Dann würde also eine österreichische Mutter zu ihrem österreichischen Kind sagen: "Angelika, *räum *dein Zimmer *zusammen*!"???


----------



## berndf

so ist es.


----------



## cyanista

Und gibt es auch "unzusammengeräumt" anstelle von "unaufgeräumt"???


----------



## berndf

Im Prinzip ja, obwohl "Das Zimmer ist nicht zusammengeräumt" idiomatischer klingt als "Das Zimmer ist unzusammengeräumt".


----------



## sokol

cyanista said:


> Und gibt es auch "unzusammengeräumt" anstelle von "unaufgeräumt"???



Nein, "unzusammengeräumt" ist idiomatisch nicht korrekt.

Ein Zimmer kann nur "*nicht *zusammengeräumt" sein.

Übrigens, Robocop, ich bin ebenso verwundert darüber, dass bei euch ein _Bedeutungsunterschied _zwischen auf- und zusammenräumen besteht (die ich für gleichbedeutend gehalten habe), wie du darüber verwundert bist, dass man bei uns "zusammenräumen" so verwendet.


----------



## SaiH

Ich kann natürlich nur von mir und meiner Familie sprechen: bei uns wurde immer nur zusammengeräumt, nie aufgeräumt. 
In meinem Sprachgebrauch entspricht zusammenräumen also aufräumen. Daneben verwende ich auch das Wort räumen. Etwa in "Ich muss wieder einmal die Wohnung räumen." Damit ist dann mehr gemeint als zusammenräumen, quasi ein vollständiges Ausmisten - alles raus, aussortieren und dann neu einräumen.


----------



## sokol

SaiH said:


> Daneben verwende ich auch das Wort räumen. Etwa in "Ich muss wieder einmal die Wohnung räumen."



"Räumen" in diesem Sinn (für die Wohnung) ist mir nicht geläufig und noch nie untergekommen.

In einem anderen Sinn wohl, nämlich als landwirtschaftlicher Fachbegriff "(die Wiese) räumen" = im Frühling die Wiese von (üblicherweise) Überresten der Mistdüngung befreien (mit Wiesenegge und Rechen). Ich halte es durchaus für möglich, dass zwischen diesem Begriff und deinem Gebrauch von "räumen" ein Zusammenhang besteht.


----------



## Robocop

sokol said:


> "Räumen" in diesem Sinn (für die Wohnung) ist mir nicht geläufig und noch nie untergekommen.
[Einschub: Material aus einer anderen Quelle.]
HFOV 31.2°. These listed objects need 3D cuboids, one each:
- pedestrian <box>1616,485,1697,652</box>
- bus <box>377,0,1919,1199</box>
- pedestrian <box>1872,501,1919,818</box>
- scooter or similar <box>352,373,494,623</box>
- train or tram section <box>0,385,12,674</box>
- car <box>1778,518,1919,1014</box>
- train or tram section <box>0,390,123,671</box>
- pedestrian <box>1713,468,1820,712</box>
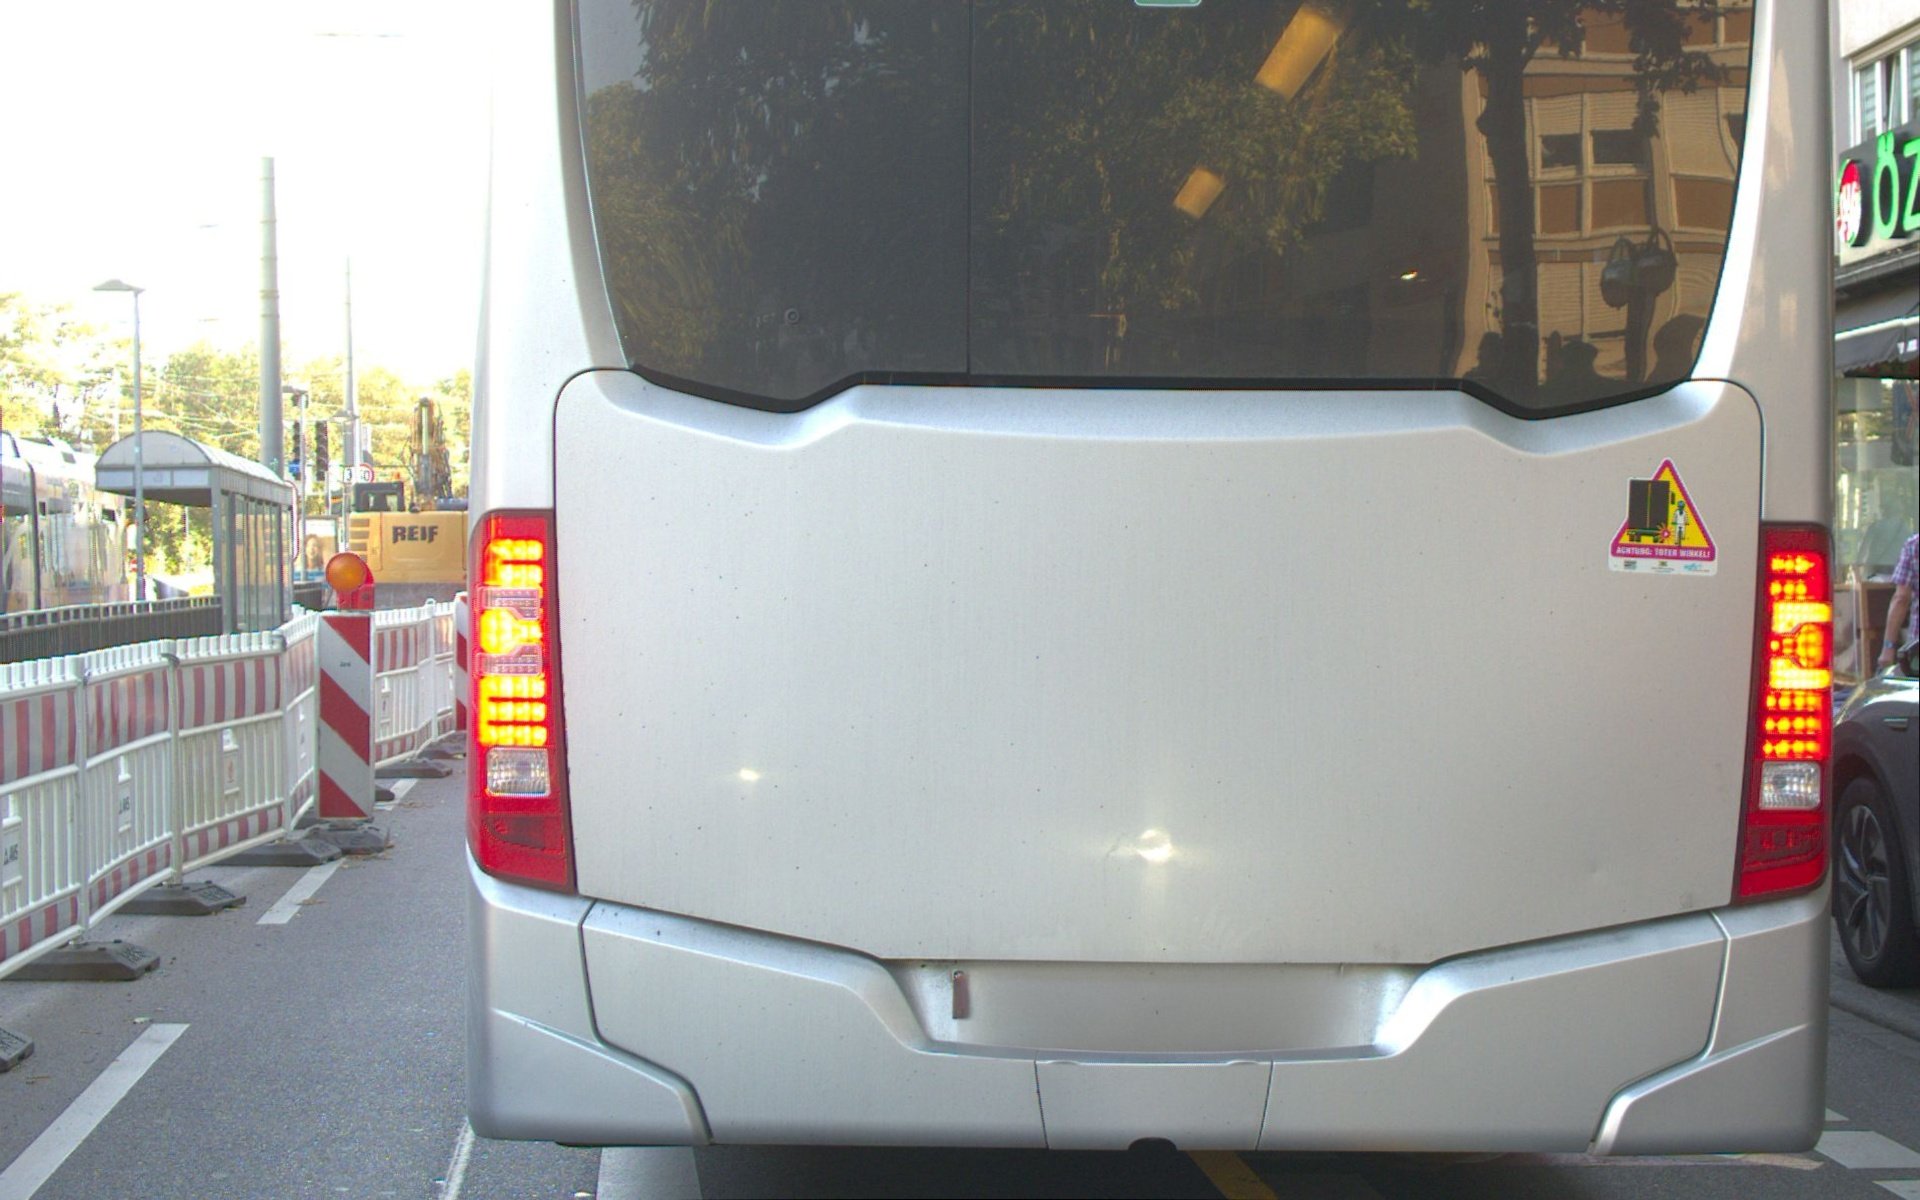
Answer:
[{"bbox_3d":[7.760,-0.349,38.308,0.685,1.830,0.786,-1,1,-3],"label":"pedestrian"},{"bbox_3d":[0.285,-0.218,9.876,2.611,3.115,7.993,1,1,-1],"label":"bus"},{"bbox_3d":[5.237,0.302,18.310,0.664,1.661,0.600,-2,0,16],"label":"pedestrian"},{"bbox_3d":[-10.049,-1.872,64.755,2.468,4.455,5.974,-1,1,-8],"label":"scooter or similar"},{"bbox_3d":[-12.443,-0.819,37.207,2.686,3.546,11.585,1,1,-8],"label":"train or tram section"},{"bbox_3d":[4.132,0.515,10.149,1.993,1.576,4.369,-3,1,-5],"label":"car"},{"bbox_3d":[-13.839,-0.952,48.732,2.686,3.521,11.585,1,1,-8],"label":"train or tram section"},{"bbox_3d":[6.761,-0.086,28.836,0.685,2.007,0.786,-1,1,-1],"label":"pedestrian"}]

Der Begriff Wohnungsräumung ist bei uns absolut geläufig, besonders in Zusammenhang mit Sterbefällen: Wenn eine einzelstehende Person stirbt, muss die (Miet)Wohnung des/der Verstorbenen von den Hinterbliebenen geräumt werden (es sei denn, die Miete werde fortgesetzt). Aber natürlich gibt es Wohnungsräumungen auch aus anderen Gründen (Wegzug ins Ausland, Zwangsräumung, etc.).


----------



## berndf

Robocop said:


> Der Begriff Wohnungsräumung ist bei uns absolut geläufig, besonders in Zusammenhang mit Sterbefällen: Wenn eine einzelstehende Person stirbt, muss die (Miet)Wohnung des/der Verstorbenen von den Hinterbliebenen geräumt werden (es sei denn, die Miete werde fortgesetzt). Aber natürlich gibt es Wohnungsräumungen auch aus anderen Gründen (Wegzug ins Ausland, Zwangsräumung, etc.).


 
Das ist aber etwas anderes. "Räumen" steht hier für "leer räumen" oder "ausräumen" oder "definitiv verlassen" ("Ich räume die Wohnung"). Als ein "gründliches aufräumen" würde man das nicht verstehen.


----------



## sokol

Exakt, eine "Wohnung" kann man auch in Österreich "räumen", das ist aber nicht das, was SaiH beschreibt.


----------



## Robocop

sokol said:


> "Räumen" in diesem Sinn (für die Wohnung) ist mir nicht geläufig und noch nie untergekommen.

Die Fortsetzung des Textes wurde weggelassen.